7 Ways To Start Eating Less Sugar
1. Take Baby Steps
Going cold turkey is great in theory but almost impossible in reality. According to Dr. Jim LaValle, R.Ph., C.C.N., a clinical pharmacist, author and board-certified clinical nutritionist, taking a slower approach could be the key to long-term success. “If you normally take two teaspoons of sugar in your coffee, cut down to one for a week, then one-half the next week,” he said. “Eventually, you’ll get to the point where you won’t need sugar at all.”
2. Watch Out For Hidden Sugar
Just because you aren’t stuffing your face with cookies and candy and syrupy Starbucks drinks doesn’t mean you aren’t consuming sugar. “Cough syrups, chewing gum, tomato sauce, baked beans, soups, salad dressings and lunch meats often contain hidden sugar,” Dr. LaValle says. Some of the biggest culprits, he added, are fresh fruit smoothies, sports drinks and bars. Read those ingredient lists, friends. Unfortunately, the sweet stuff goes by a lot more names than just sugar. Familiarize yourself with this list of common aliases (hint: anything with the word “syrup”) to ensure you're not unknowingly eating more of it.
3. Find Ways To De-stress
This one’s a little unexpected, but per Dr. LaValle, stress can make you crave sugar, since eating sweets can help increase production of serotonin, a calming neurotransmitter. To avoid a stress-induced candy binge, Dr. LaValle suggests taking “stress-balancing supplements that contain ingredients like rhodiola, ashwagandha or B vitamins and GABA, which can help counteract stress hormones and support better serotonin production without having to resort to sweets.” Beyond supplements, here are some more easy ways to de-stress your life. From starting your day by meditating and practicing gratitude to making more of an effort to spend time with friends and getting outside more often.
4. Be Wary Of Low-fat Products
Sneaky sugars strike again. Low-fat products seem like they would be healthy, but oftentimes they’re worse for you than their full-fat alternatives. That’s because these foods replace fat with sugar for the sake of taste. Instead of falling into this sugar trap, enjoy full-fat foods in moderation. They’ll likely contain less sugar and taste a hell of a lot better. And again, if you’re not sure how much sugar you’re consuming, a quick scan of the ingredient list will raise any red flags.
5. Eat More Naturally Found Healthy Fats
In addition to steering clear of low-fat products, we’ll take it one step further to say that you should actually eat more fat. Healthy fats found in nuts, avocados and whole eggs work to stabilize blood sugar and keep you fuller longer (meaning you’re less likely to reach for a quick sugar fix when your energy dips).

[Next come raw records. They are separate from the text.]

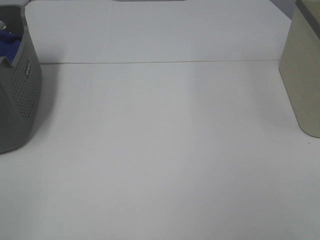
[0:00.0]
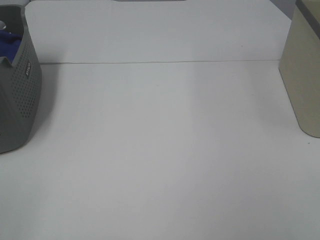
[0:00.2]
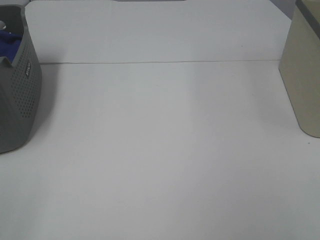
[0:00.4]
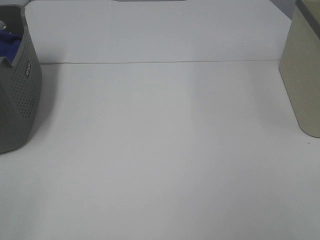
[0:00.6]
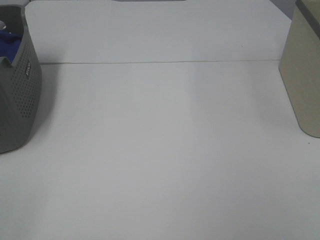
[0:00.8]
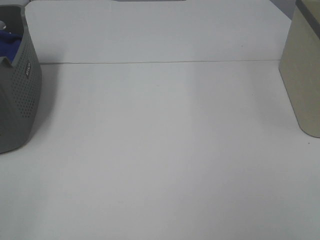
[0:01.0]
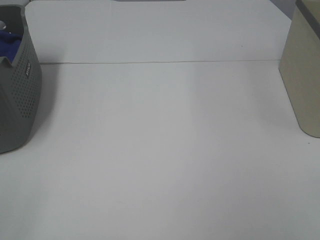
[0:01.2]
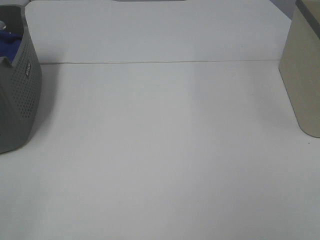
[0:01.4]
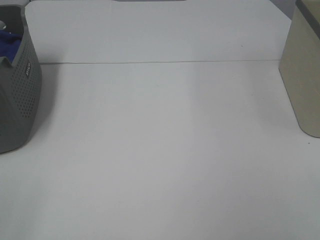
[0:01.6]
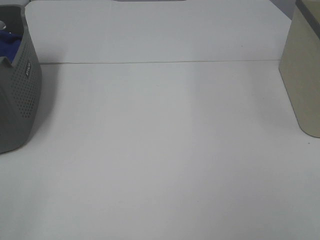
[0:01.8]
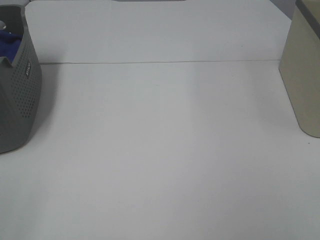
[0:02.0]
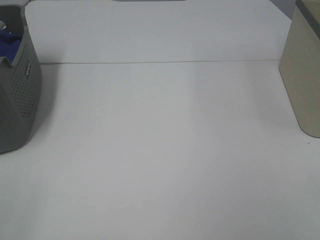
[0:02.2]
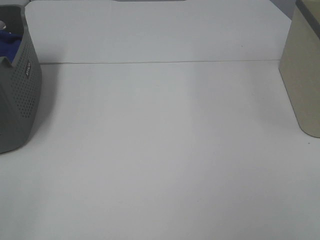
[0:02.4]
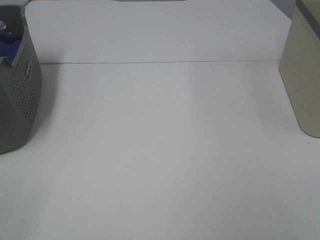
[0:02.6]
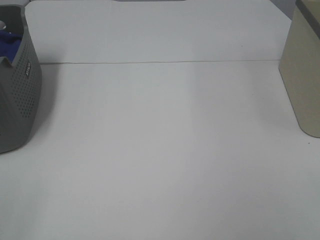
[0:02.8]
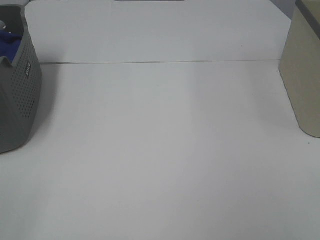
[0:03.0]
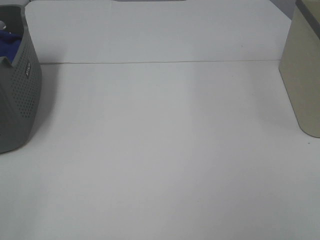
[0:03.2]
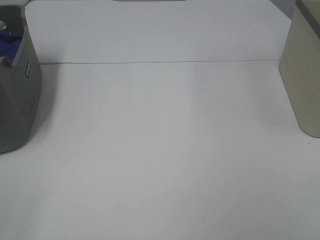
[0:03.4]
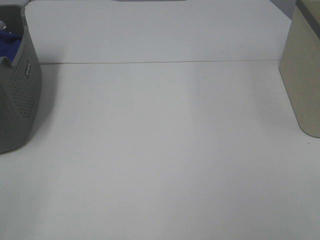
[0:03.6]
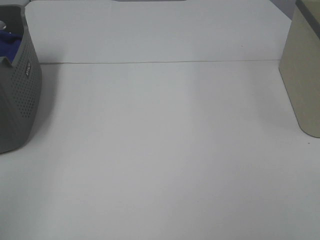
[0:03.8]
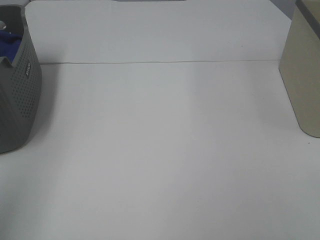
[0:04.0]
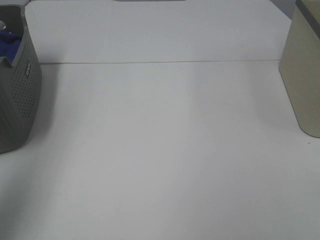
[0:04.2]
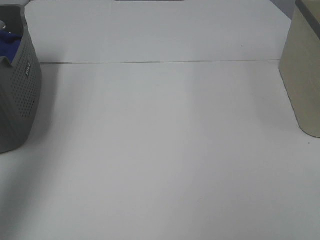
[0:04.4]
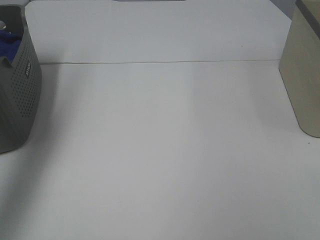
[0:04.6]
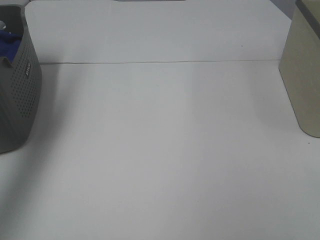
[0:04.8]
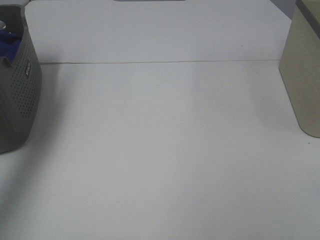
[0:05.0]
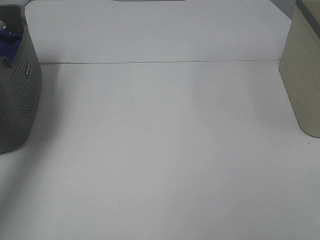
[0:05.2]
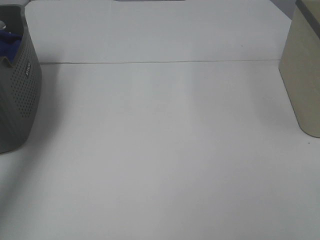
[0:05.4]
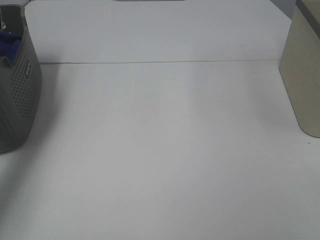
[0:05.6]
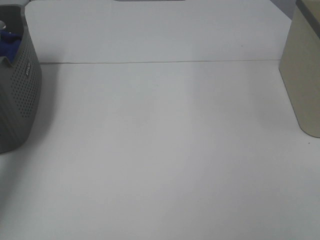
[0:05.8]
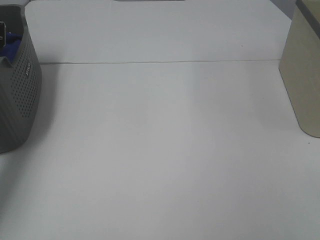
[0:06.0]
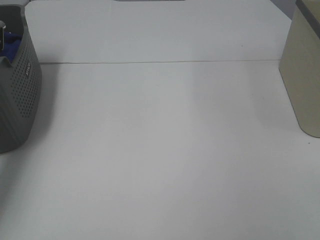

6. Train Yourself To Like Black Coffee
Yes, Mocha Frappuccinos are delicious, but they, like many coffee drinks, are loaded with sugar. It might take a little getting used to, but try to train yourself to drink coffee black—or with a little whole or unsweetened almond milk, if you must. Just stay away from sugar, artificial sweeteners (which come with a host of their own issues) or packaged creamers. It might take some getting used to, but in our experience, you’ll learn to love the pure coffee taste. Worst case scenario, you can pivot from coffee to caffeinated tea if you just can’t get the hang of the taste.
7. Stick To The Perimeter Of The Grocery Store
We’ve already established that a little strategy when grocery shopping pays off (both for your waistline and your wallet). By spending the majority of your time in the store on its perimeters, where most of the whole foods are, you aren’t subjecting yourself to walking down aisles of cookies and chips and other stuff you probably shouldn’t be eating. Out of sight, out of mind. And besides, you’ll feel way more satisfied after snacking on a handful of gorgeous cherries than you would’ve shoveling a bunch of Oreos into your mouth.